Abdominal Migraine in Children
Melissa Conrad Stöppler, MD
Melissa Conrad Stöppler, MD, is a U.S. board-certified Anatomic Pathologist with subspecialty training in the fields of Experimental and Molecular Pathology. Dr. Stöppler's educational background includes a BA with Highest Distinction from the University of Virginia and an MD from the University of North Carolina. She completed residency training in Anatomic Pathology at Georgetown University followed by subspecialty fellowship training in molecular diagnostics and experimental pathology.
- Abdominal migraine in children facts
- What is abdominal migraine?
- What causes abdominal migraine?
- What are the symptoms of abdominal migraine?
- How is abdominal migraine diagnosed?
- What is the treatment of abdominal migraine?
- Medications to treat abdominal migraine
- What is the prognosis for abdominal migraine?

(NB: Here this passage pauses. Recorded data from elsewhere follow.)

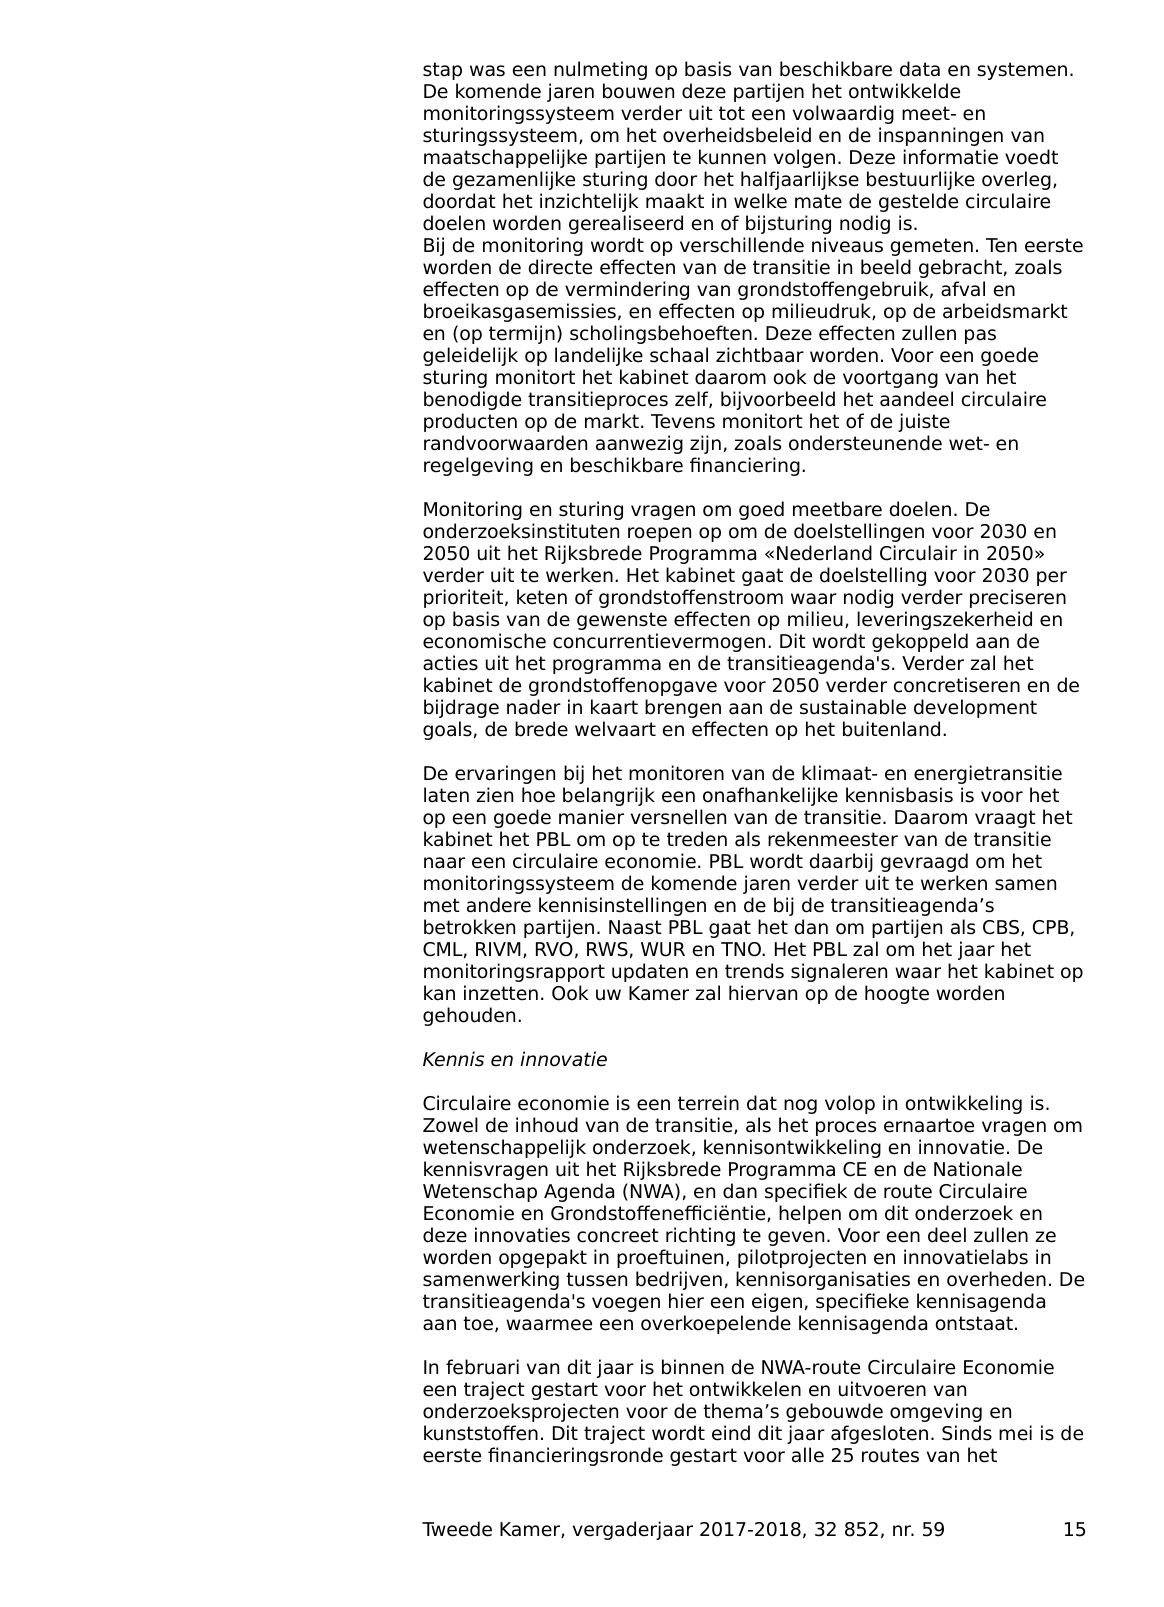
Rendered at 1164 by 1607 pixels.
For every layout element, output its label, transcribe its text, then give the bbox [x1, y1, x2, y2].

text Circulaire economie is een terrein dat nog volop in ontwikkeling is. Zowel de inhoud van de transitie, als het proces ernaartoe vragen om wetenschappelijk onderzoek, kennisontwikkeling en innovatie. De kennisvragen uit het Rijksbrede Programma CE en de Nationale Wetenschap Agenda (NWA), en dan specifiek de route Circulaire Economie en Grondstoffenefficiëntie, helpen om dit onderzoek en deze innovaties concreet richting te geven. Voor een deel zullen ze worden opgepakt in proeftuinen, pilotprojecten en innovatielabs in samenwerking tussen bedrijven, kennisorganisaties en overheden. De transitieagenda's voegen hier een eigen, specifieke kennisagenda aan toe, waarmee een overkoepelende kennisagenda ontstaat. [422, 1093, 1087, 1335]
subtitle Kennis en innovatie [422, 1049, 1087, 1071]
text De ervaringen bij het monitoren van de klimaat- en energietransitie laten zien hoe belangrijk een onafhankelijke kennisbasis is voor het op een goede manier versnellen van de transitie. Daarom vraagt het kabinet het PBL om op te treden als rekenmeester van de transitie naar een circulaire economie. PBL wordt daarbij gevraagd om het monitoringssysteem de komende jaren verder uit te werken samen met andere kennisinstellingen en de bij de transitieagenda’s betrokken partijen. Naast PBL gaat het dan om partijen als CBS, CPB, CML, RIVM, RVO, RWS, WUR en TNO. Het PBL zal om het jaar het monitoringsrapport updaten en trends signaleren waar het kabinet op kan inzetten. Ook uw Kamer zal hiervan op de hoogte worden gehouden. [422, 763, 1087, 1027]
text Bij de monitoring wordt op verschillende niveaus gemeten. Ten eerste worden de directe effecten van de transitie in beeld gebracht, zoals effecten op de vermindering van grondstoffengebruik, afval en broeikasgasemissies, en effecten op milieudruk, op de arbeidsmarkt en (op termijn) scholingsbehoeften. Deze effecten zullen pas geleidelijk op landelijke schaal zichtbaar worden. Voor een goede sturing monitort het kabinet daarom ook de voortgang van het benodigde transitieproces zelf, bijvoorbeeld het aandeel circulaire producten op de markt. Tevens monitort het of de juiste randvoorwaarden aanwezig zijn, zoals ondersteunende wet- en regelgeving en beschikbare financiering. [422, 235, 1087, 477]
text In februari van dit jaar is binnen de NWA-route Circulaire Economie een traject gestart voor het ontwikkelen en uitvoeren van onderzoeksprojecten voor de thema’s gebouwde omgeving en kunststoffen. Dit traject wordt eind dit jaar afgesloten. Sinds mei is de eerste financieringsronde gestart voor alle 25 routes van het [422, 1357, 1087, 1467]
text Monitoring en sturing vragen om goed meetbare doelen. De onderzoeksinstituten roepen op om de doelstellingen voor 2030 en 2050 uit het Rijksbrede Programma «Nederland Circulair in 2050» verder uit te werken. Het kabinet gaat de doelstelling voor 2030 per prioriteit, keten of grondstoffenstroom waar nodig verder preciseren op basis van de gewenste effecten op milieu, leveringszekerheid en economische concurrentievermogen. Dit wordt gekoppeld aan de acties uit het programma en de transitieagenda's. Verder zal het kabinet de grondstoffenopgave voor 2050 verder concretiseren en de bijdrage nader in kaart brengen aan de sustainable development goals, de brede welvaart en effecten op het buitenland. [422, 499, 1087, 741]
text stap was een nulmeting op basis van beschikbare data en systemen. De komende jaren bouwen deze partijen het ontwikkelde monitoringssysteem verder uit tot een volwaardig meet- en sturingssysteem, om het overheidsbeleid en de inspanningen van maatschappelijke partijen te kunnen volgen. Deze informatie voedt de gezamenlijke sturing door het halfjaarlijkse bestuurlijke overleg, doordat het inzichtelijk maakt in welke mate de gestelde circulaire doelen worden gerealiseerd en of bijsturing nodig is. [422, 59, 1087, 235]
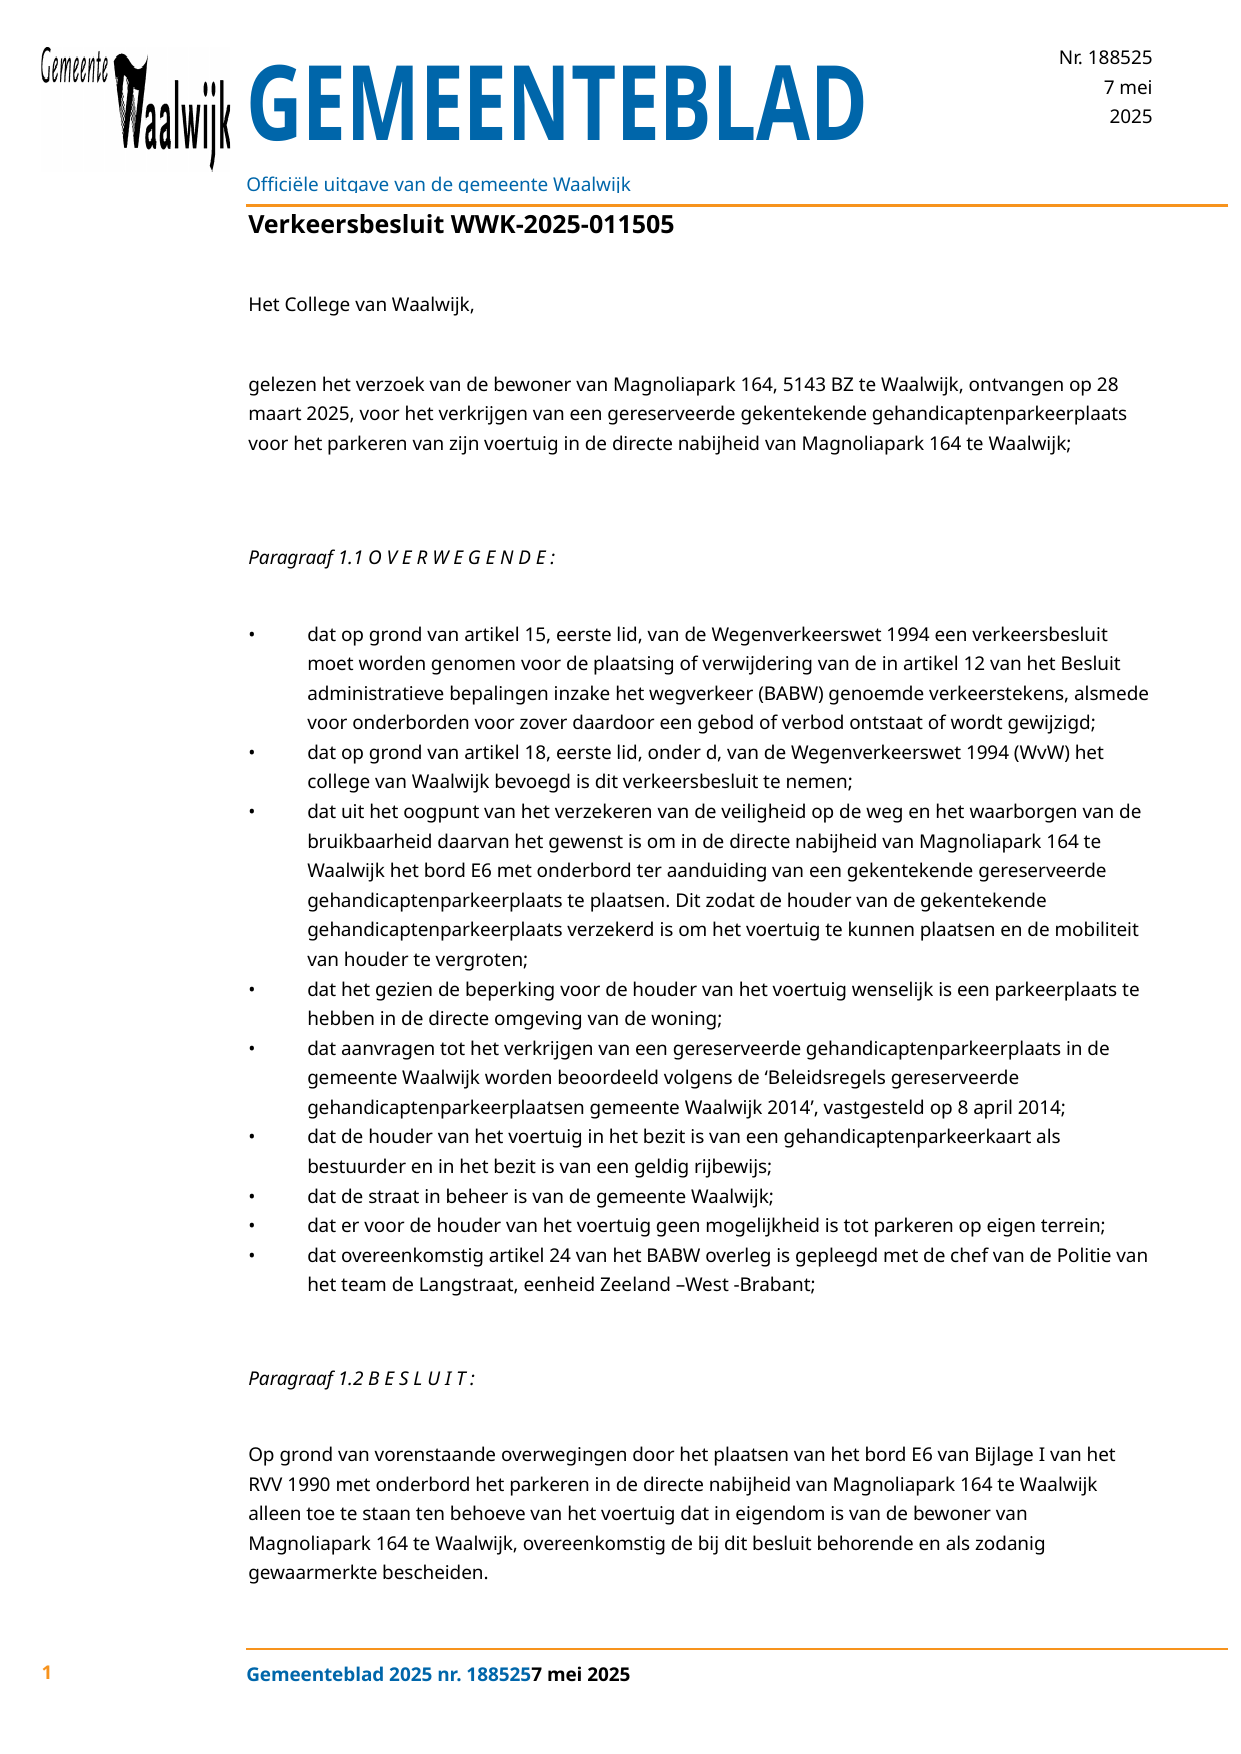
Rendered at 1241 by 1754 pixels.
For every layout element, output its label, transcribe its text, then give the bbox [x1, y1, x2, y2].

text Paragraaf 1.1 O V E R W E G E N D E : [248, 544, 1152, 570]
list dat de houder van het voertuig in het bezit is van een gehandicaptenparkeerkaart als bestuurder en in het bezit is van een geldig rijbewijs; [248, 1124, 1152, 1179]
list dat aanvragen tot het verkrijgen van een gereserveerde gehandicaptenparkeerplaats in de gemeente Waalwijk worden beoordeeld volgens de ‘Beleidsregels gereserveerde gehandicaptenparkeerplaatsen gemeente Waalwijk 2014’, vastgesteld op 8 april 2014; [248, 1035, 1152, 1120]
text Op grond van vorenstaande overwegingen door het plaatsen van het bord E6 van Bijlage I van het RVV 1990 met onderbord het parkeren in de directe nabijheid van Magnoliapark 164 te Waalwijk alleen toe te staan ten behoeve van het voertuig dat in eigendom is van de bewoner van Magnoliapark 164 te Waalwijk, overeenkomstig de bij dit besluit behorende en als zodanig gewaarmerkte bescheiden. [248, 1441, 1152, 1585]
list dat er voor de houder van het voertuig geen mogelijkheid is tot parkeren op eigen terrein; [248, 1212, 1152, 1238]
list dat uit het oogpunt van het verzekeren van de veiligheid op de weg en het waarborgen van de bruikbaarheid daarvan het gewenst is om in de directe nabijheid van Magnoliapark 164 te Waalwijk het bord E6 met onderbord ter aanduiding van een gekentekende gereserveerde gehandicaptenparkeerplaats te plaatsen. Dit zodat de houder van de gekentekende gehandicaptenparkeerplaats verzekerd is om het voertuig te kunnen plaatsen en de mobiliteit van houder te vergroten; [248, 798, 1152, 972]
text Het College van Waalwijk, [248, 291, 1152, 317]
list dat op grond van artikel 18, eerste lid, onder d, van de Wegenverkeerswet 1994 (WvW) het college van Waalwijk bevoegd is dit verkeersbesluit te nemen; [248, 739, 1152, 794]
list dat het gezien de beperking voor de houder van het voertuig wenselijk is een parkeerplaats te hebben in de directe omgeving van de woning; [248, 976, 1152, 1031]
list dat op grond van artikel 15, eerste lid, van de Wegenverkeerswet 1994 een verkeersbesluit moet worden genomen voor de plaatsing of verwijdering van de in artikel 12 van het Besluit administratieve bepalingen inzake het wegverkeer (BABW) genoemde verkeerstekens, alsmede voor onderborden voor zover daardoor een gebod of verbod ontstaat of wordt gewijzigd; [248, 621, 1152, 735]
text gelezen het verzoek van de bewoner van Magnoliapark 164, 5143 BZ te Waalwijk, ontvangen op 28 maart 2025, voor het verkrijgen van een gereserveerde gekentekende gehandicaptenparkeerplaats voor het parkeren van zijn voertuig in de directe nabijheid van Magnoliapark 164 te Waalwijk; [248, 371, 1152, 456]
list dat de straat in beheer is van de gemeente Waalwijk; [248, 1183, 1152, 1208]
text Verkeersbesluit WWK-2025-011505 [248, 207, 1152, 241]
text Paragraaf 1.2 B E S L U I T : [248, 1365, 1152, 1391]
picture [41, 47, 231, 172]
list dat overeenkomstig artikel 24 van het BABW overleg is gepleegd met de chef van de Politie van het team de Langstraat, eenheid Zeeland –West -Brabant; [248, 1242, 1152, 1297]

- Find a local Doctor in your town
Abdominal migraine in children facts
- Abdominal migraine is believed to be a variant of migraine that is common in children but rare in adults.
- Abdominal migraine is characterized by pain in the center of the abdomen that may be severe.
- Symptoms can last for one hour or up to a several days.
- Nausea and vomiting may be associated with the pain.
- Sleep typically brings relief from abdominal migraine. Medications used to treat classic migraine can also be effective, although there is no single treatment that is known to be effective in all patients.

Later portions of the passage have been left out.